***** Entries provided *****

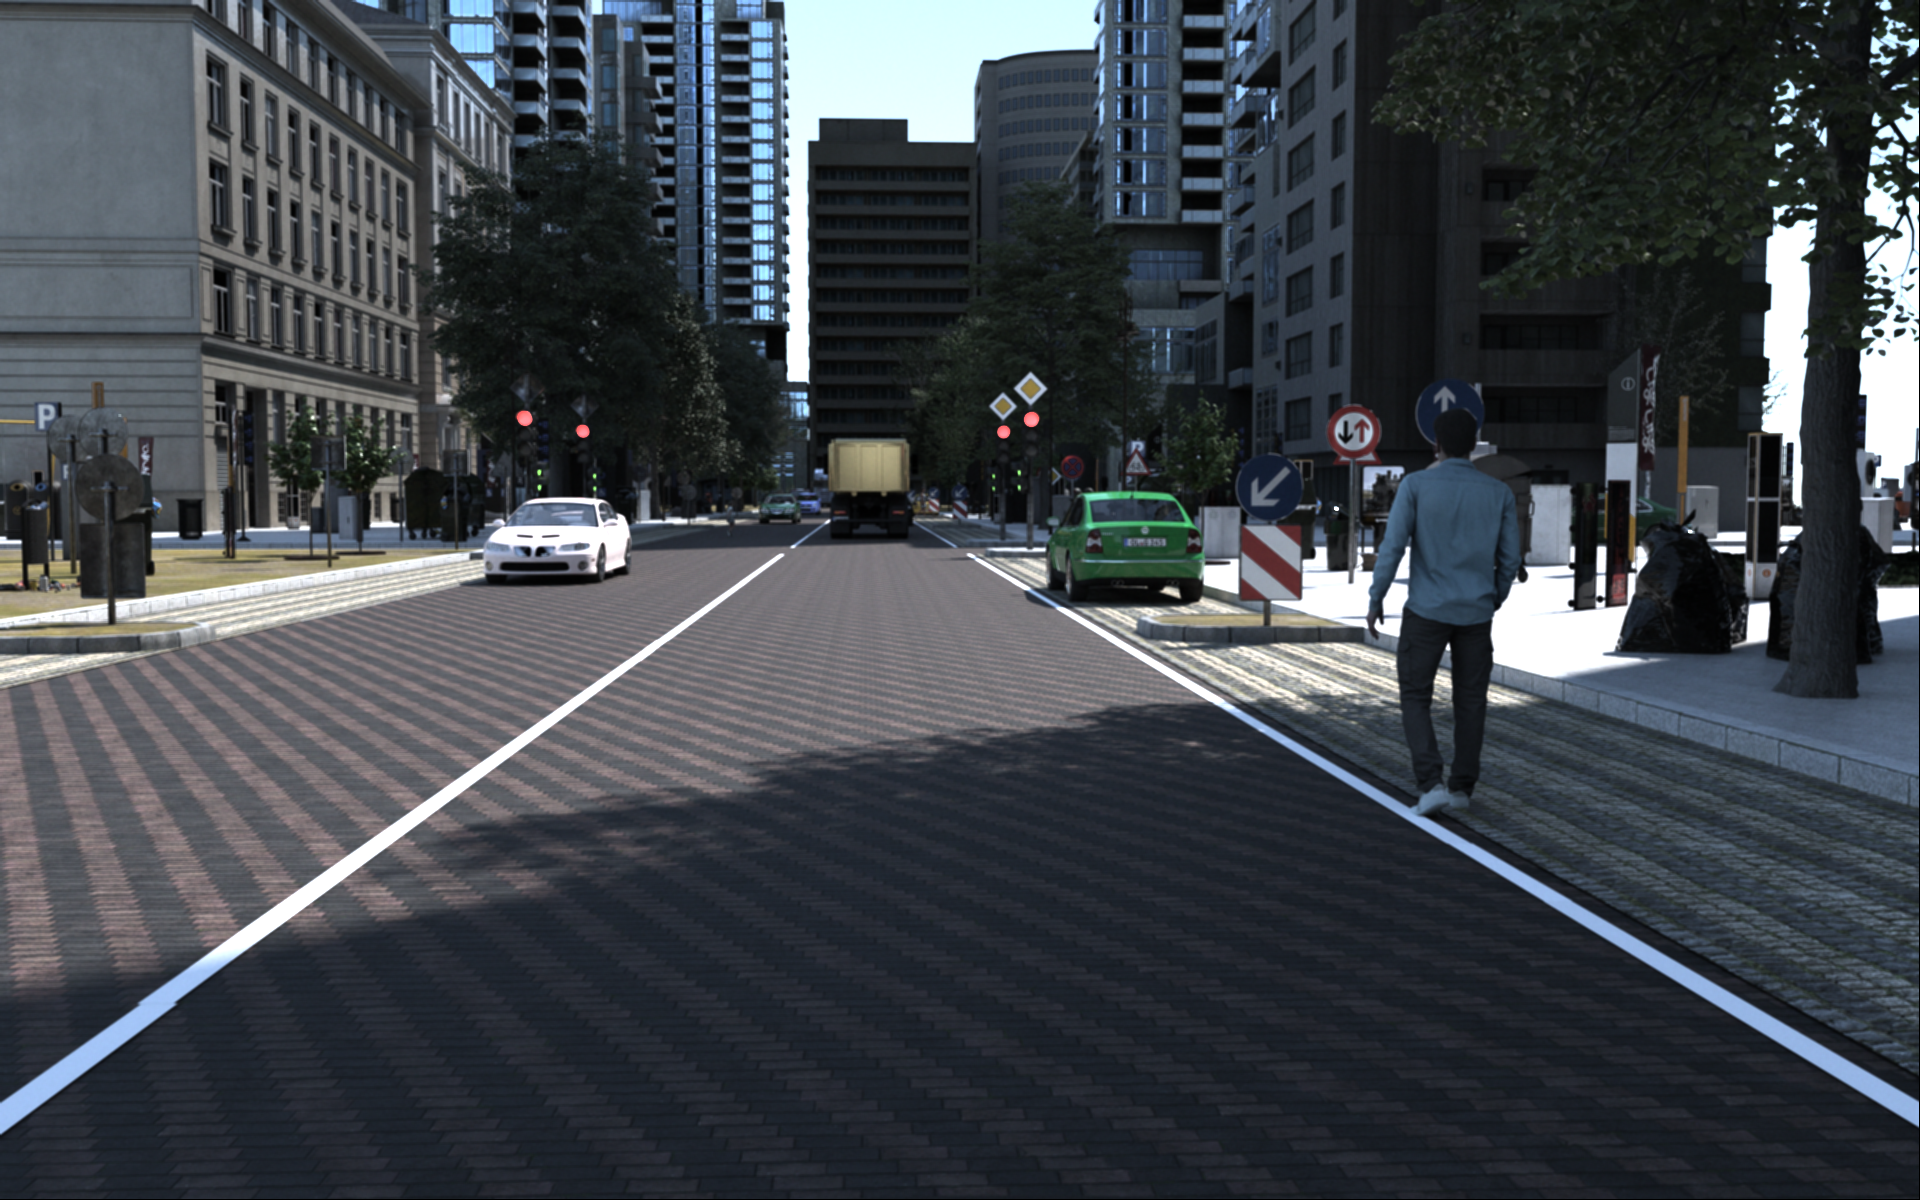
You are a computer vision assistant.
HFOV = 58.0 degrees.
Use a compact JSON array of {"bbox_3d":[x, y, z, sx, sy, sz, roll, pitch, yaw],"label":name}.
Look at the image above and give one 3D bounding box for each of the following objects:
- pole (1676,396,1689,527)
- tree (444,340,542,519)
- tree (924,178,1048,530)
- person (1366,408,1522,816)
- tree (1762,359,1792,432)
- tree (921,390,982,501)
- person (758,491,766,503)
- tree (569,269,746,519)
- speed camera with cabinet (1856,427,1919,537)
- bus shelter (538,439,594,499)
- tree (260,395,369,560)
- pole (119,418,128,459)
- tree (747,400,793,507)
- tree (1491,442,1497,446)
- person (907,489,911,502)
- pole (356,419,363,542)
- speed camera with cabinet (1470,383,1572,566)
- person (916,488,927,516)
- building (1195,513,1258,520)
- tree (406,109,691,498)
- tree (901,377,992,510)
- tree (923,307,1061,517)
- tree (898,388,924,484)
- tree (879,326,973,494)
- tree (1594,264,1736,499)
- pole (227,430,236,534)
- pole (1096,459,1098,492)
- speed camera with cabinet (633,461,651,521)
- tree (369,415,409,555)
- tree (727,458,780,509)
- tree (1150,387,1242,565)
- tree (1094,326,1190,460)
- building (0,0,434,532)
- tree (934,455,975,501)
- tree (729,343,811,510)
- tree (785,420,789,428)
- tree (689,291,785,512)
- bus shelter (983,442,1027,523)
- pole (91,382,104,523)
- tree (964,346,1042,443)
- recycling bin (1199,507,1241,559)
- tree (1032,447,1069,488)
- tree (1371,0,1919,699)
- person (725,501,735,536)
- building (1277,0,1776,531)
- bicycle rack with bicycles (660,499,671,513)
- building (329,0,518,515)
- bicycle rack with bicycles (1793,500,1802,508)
[{"bbox_3d":[15.068,-2.587,36.133,0.158,3.312,0.155,0,3,0],"label":"pole"},{"bbox_3d":[-21.146,-7.906,79.633,4.737,8.622,4.395,0,3,0],"label":"tree"},{"bbox_3d":[3.400,-8.824,62.399,7.486,12.596,7.792,0,3,0],"label":"tree"},{"bbox_3d":[2.191,0.044,7.795,0.660,1.820,0.620,0,4,-3],"label":"person"},{"bbox_3d":[29.968,-7.197,68.030,4.737,8.622,4.395,0,3,0],"label":"tree"},{"bbox_3d":[-0.263,-10.104,115.560,4.737,8.622,4.395,0,3,0],"label":"tree"},{"bbox_3d":[-22.945,-11.839,202.154,1.350,1.814,0.705,1,4,11],"label":"person"},{"bbox_3d":[-15.778,-10.501,88.703,9.611,12.733,9.660,0,3,0],"label":"tree"},{"bbox_3d":[27.642,-3.494,51.460,2.038,3.252,0.660,2,4,24],"label":"speed camera with cabinet"},{"bbox_3d":[-16.906,-5.136,75.258,1.731,3.624,6.357,0,4,-3],"label":"bus shelter"},{"bbox_3d":[-12.876,-2.405,33.927,1.663,3.219,1.824,0,3,0],"label":"tree"},{"bbox_3d":[-22.435,-3.219,46.467,0.158,3.312,0.155,0,3,0],"label":"pole"},{"bbox_3d":[-19.923,-14.737,166.707,9.928,11.665,9.643,0,3,0],"label":"tree"},{"bbox_3d":[16.567,-3.744,55.813,1.663,3.219,1.824,0,3,0],"label":"tree"},{"bbox_3d":[-3.525,-6.946,122.412,0.624,1.780,0.694,0,4,1],"label":"person"},{"bbox_3d":[-16.011,-3.197,46.117,0.158,3.312,0.155,0,3,0],"label":"pole"},{"bbox_3d":[9.929,-2.255,31.212,2.038,3.252,0.660,0,4,-1],"label":"speed camera with cabinet"},{"bbox_3d":[-2.281,-5.823,103.802,0.778,1.811,0.616,0,4,7],"label":"person"},{"bbox_3d":[23.569,-47.836,94.793,22.319,86.520,31.000,0,4,-3],"label":"building"},{"bbox_3d":[-13.901,-9.317,58.996,9.857,13.997,8.962,0,3,0],"label":"tree"},{"bbox_3d":[-0.827,-12.497,138.734,7.601,10.594,8.767,1,4,19],"label":"tree"},{"bbox_3d":[1.811,-10.365,95.224,9.928,11.665,9.643,0,3,0],"label":"tree"},{"bbox_3d":[-1.920,-14.949,162.550,7.486,12.596,7.792,0,3,0],"label":"tree"},{"bbox_3d":[-2.961,-20.640,193.356,12.611,20.169,13.585,0,3,0],"label":"tree"},{"bbox_3d":[22.103,-6.407,55.123,4.360,8.622,3.978,0,3,0],"label":"tree"},{"bbox_3d":[-23.269,-3.760,55.323,0.158,3.312,0.155,0,3,0],"label":"pole"},{"bbox_3d":[7.954,-6.560,101.105,0.158,3.312,0.155,0,3,0],"label":"pole"},{"bbox_3d":[-15.595,-5.396,82.554,2.038,3.252,0.660,3,5,45],"label":"speed camera with cabinet"},{"bbox_3d":[-12.885,-2.585,36.870,1.663,3.219,1.824,0,3,0],"label":"tree"},{"bbox_3d":[-18.759,-10.148,149.627,4.285,4.588,4.351,0,3,0],"label":"tree"},{"bbox_3d":[4.305,-2.266,31.655,1.663,3.219,1.824,0,3,0],"label":"tree"},{"bbox_3d":[7.734,-7.600,74.615,4.737,8.622,4.395,0,3,0],"label":"tree"},{"bbox_3d":[-33.528,-14.583,71.722,16.112,22.955,30.059,0,4,-3],"label":"building"},{"bbox_3d":[-0.251,-8.857,128.528,4.285,4.588,4.351,0,3,0],"label":"tree"},{"bbox_3d":[-17.580,-13.953,138.507,12.009,13.543,11.850,0,3,0],"label":"tree"},{"bbox_3d":[-16.940,-13.158,121.781,9.857,13.997,8.962,0,3,0],"label":"tree"},{"bbox_3d":[-16.487,-12.156,105.413,9.857,13.997,8.962,0,3,0],"label":"tree"},{"bbox_3d":[2.120,-5.349,78.740,1.731,3.624,6.357,0,4,-3],"label":"bus shelter"},{"bbox_3d":[-15.734,-2.315,31.688,0.158,3.312,0.155,0,3,0],"label":"pole"},{"bbox_3d":[2.382,-8.202,84.466,4.360,8.622,3.978,0,3,0],"label":"tree"},{"bbox_3d":[5.186,-1.351,34.636,0.722,1.027,0.722,0,4,-2],"label":"recycling bin"},{"bbox_3d":[6.293,-8.302,119.455,4.285,4.588,4.351,0,3,0],"label":"tree"},{"bbox_3d":[5.817,-5.678,10.969,7.486,12.596,7.792,0,3,0],"label":"tree"},{"bbox_3d":[-7.839,-2.765,58.728,0.382,1.210,0.505,-2,4,-33],"label":"person"},{"bbox_3d":[20.473,-17.956,65.290,14.107,30.474,14.160,0,4,-3],"label":"building"},{"bbox_3d":[-20.247,-6.461,119.018,2.852,0.926,2.925,3,5,42],"label":"bicycle rack with bicycles"},{"bbox_3d":[-33.238,-19.005,96.639,13.634,28.700,20.117,0,4,-3],"label":"building"},{"bbox_3d":[54.771,-6.026,111.906,2.925,0.926,2.852,-3,5,-39],"label":"bicycle rack with bicycles"}]

*****

Please reproduce each entry above word for word and keep the pictures out of the copy.

# Response for this exercise:
You are a computer vision assistant.
HFOV = 58.0 degrees.
Use a compact JSON array of {"bbox_3d":[x, y, z, sx, sy, sz, roll, pitch, yaw],"label":name}.
Look at the image above and give one 3D bounding box for each of the following objects:
- pole (1676,396,1689,527)
- tree (444,340,542,519)
- tree (924,178,1048,530)
- person (1366,408,1522,816)
- tree (1762,359,1792,432)
- tree (921,390,982,501)
- person (758,491,766,503)
- tree (569,269,746,519)
- speed camera with cabinet (1856,427,1919,537)
- bus shelter (538,439,594,499)
- tree (260,395,369,560)
- pole (119,418,128,459)
- tree (747,400,793,507)
- tree (1491,442,1497,446)
- person (907,489,911,502)
- pole (356,419,363,542)
- speed camera with cabinet (1470,383,1572,566)
- person (916,488,927,516)
- building (1195,513,1258,520)
- tree (406,109,691,498)
- tree (901,377,992,510)
- tree (923,307,1061,517)
- tree (898,388,924,484)
- tree (879,326,973,494)
- tree (1594,264,1736,499)
- pole (227,430,236,534)
- pole (1096,459,1098,492)
- speed camera with cabinet (633,461,651,521)
- tree (369,415,409,555)
- tree (727,458,780,509)
- tree (1150,387,1242,565)
- tree (1094,326,1190,460)
- building (0,0,434,532)
- tree (934,455,975,501)
- tree (729,343,811,510)
- tree (785,420,789,428)
- tree (689,291,785,512)
- bus shelter (983,442,1027,523)
- pole (91,382,104,523)
- tree (964,346,1042,443)
- recycling bin (1199,507,1241,559)
- tree (1032,447,1069,488)
- tree (1371,0,1919,699)
- person (725,501,735,536)
- building (1277,0,1776,531)
- bicycle rack with bicycles (660,499,671,513)
- building (329,0,518,515)
- bicycle rack with bicycles (1793,500,1802,508)
[{"bbox_3d":[15.068,-2.587,36.133,0.158,3.312,0.155,0,3,0],"label":"pole"},{"bbox_3d":[-21.146,-7.906,79.633,4.737,8.622,4.395,0,3,0],"label":"tree"},{"bbox_3d":[3.400,-8.824,62.399,7.486,12.596,7.792,0,3,0],"label":"tree"},{"bbox_3d":[2.191,0.044,7.795,0.660,1.820,0.620,0,4,-3],"label":"person"},{"bbox_3d":[29.968,-7.197,68.030,4.737,8.622,4.395,0,3,0],"label":"tree"},{"bbox_3d":[-0.263,-10.104,115.560,4.737,8.622,4.395,0,3,0],"label":"tree"},{"bbox_3d":[-22.945,-11.839,202.154,1.350,1.814,0.705,1,4,11],"label":"person"},{"bbox_3d":[-15.778,-10.501,88.703,9.611,12.733,9.660,0,3,0],"label":"tree"},{"bbox_3d":[27.642,-3.494,51.460,2.038,3.252,0.660,2,4,24],"label":"speed camera with cabinet"},{"bbox_3d":[-16.906,-5.136,75.258,1.731,3.624,6.357,0,4,-3],"label":"bus shelter"},{"bbox_3d":[-12.876,-2.405,33.927,1.663,3.219,1.824,0,3,0],"label":"tree"},{"bbox_3d":[-22.435,-3.219,46.467,0.158,3.312,0.155,0,3,0],"label":"pole"},{"bbox_3d":[-19.923,-14.737,166.707,9.928,11.665,9.643,0,3,0],"label":"tree"},{"bbox_3d":[16.567,-3.744,55.813,1.663,3.219,1.824,0,3,0],"label":"tree"},{"bbox_3d":[-3.525,-6.946,122.412,0.624,1.780,0.694,0,4,1],"label":"person"},{"bbox_3d":[-16.011,-3.197,46.117,0.158,3.312,0.155,0,3,0],"label":"pole"},{"bbox_3d":[9.929,-2.255,31.212,2.038,3.252,0.660,0,4,-1],"label":"speed camera with cabinet"},{"bbox_3d":[-2.281,-5.823,103.802,0.778,1.811,0.616,0,4,7],"label":"person"},{"bbox_3d":[23.569,-47.836,94.793,22.319,86.520,31.000,0,4,-3],"label":"building"},{"bbox_3d":[-13.901,-9.317,58.996,9.857,13.997,8.962,0,3,0],"label":"tree"},{"bbox_3d":[-0.827,-12.497,138.734,7.601,10.594,8.767,1,4,19],"label":"tree"},{"bbox_3d":[1.811,-10.365,95.224,9.928,11.665,9.643,0,3,0],"label":"tree"},{"bbox_3d":[-1.920,-14.949,162.550,7.486,12.596,7.792,0,3,0],"label":"tree"},{"bbox_3d":[-2.961,-20.640,193.356,12.611,20.169,13.585,0,3,0],"label":"tree"},{"bbox_3d":[22.103,-6.407,55.123,4.360,8.622,3.978,0,3,0],"label":"tree"},{"bbox_3d":[-23.269,-3.760,55.323,0.158,3.312,0.155,0,3,0],"label":"pole"},{"bbox_3d":[7.954,-6.560,101.105,0.158,3.312,0.155,0,3,0],"label":"pole"},{"bbox_3d":[-15.595,-5.396,82.554,2.038,3.252,0.660,3,5,45],"label":"speed camera with cabinet"},{"bbox_3d":[-12.885,-2.585,36.870,1.663,3.219,1.824,0,3,0],"label":"tree"},{"bbox_3d":[-18.759,-10.148,149.627,4.285,4.588,4.351,0,3,0],"label":"tree"},{"bbox_3d":[4.305,-2.266,31.655,1.663,3.219,1.824,0,3,0],"label":"tree"},{"bbox_3d":[7.734,-7.600,74.615,4.737,8.622,4.395,0,3,0],"label":"tree"},{"bbox_3d":[-33.528,-14.583,71.722,16.112,22.955,30.059,0,4,-3],"label":"building"},{"bbox_3d":[-0.251,-8.857,128.528,4.285,4.588,4.351,0,3,0],"label":"tree"},{"bbox_3d":[-17.580,-13.953,138.507,12.009,13.543,11.850,0,3,0],"label":"tree"},{"bbox_3d":[-16.940,-13.158,121.781,9.857,13.997,8.962,0,3,0],"label":"tree"},{"bbox_3d":[-16.487,-12.156,105.413,9.857,13.997,8.962,0,3,0],"label":"tree"},{"bbox_3d":[2.120,-5.349,78.740,1.731,3.624,6.357,0,4,-3],"label":"bus shelter"},{"bbox_3d":[-15.734,-2.315,31.688,0.158,3.312,0.155,0,3,0],"label":"pole"},{"bbox_3d":[2.382,-8.202,84.466,4.360,8.622,3.978,0,3,0],"label":"tree"},{"bbox_3d":[5.186,-1.351,34.636,0.722,1.027,0.722,0,4,-2],"label":"recycling bin"},{"bbox_3d":[6.293,-8.302,119.455,4.285,4.588,4.351,0,3,0],"label":"tree"},{"bbox_3d":[5.817,-5.678,10.969,7.486,12.596,7.792,0,3,0],"label":"tree"},{"bbox_3d":[-7.839,-2.765,58.728,0.382,1.210,0.505,-2,4,-33],"label":"person"},{"bbox_3d":[20.473,-17.956,65.290,14.107,30.474,14.160,0,4,-3],"label":"building"},{"bbox_3d":[-20.247,-6.461,119.018,2.852,0.926,2.925,3,5,42],"label":"bicycle rack with bicycles"},{"bbox_3d":[-33.238,-19.005,96.639,13.634,28.700,20.117,0,4,-3],"label":"building"},{"bbox_3d":[54.771,-6.026,111.906,2.925,0.926,2.852,-3,5,-39],"label":"bicycle rack with bicycles"}]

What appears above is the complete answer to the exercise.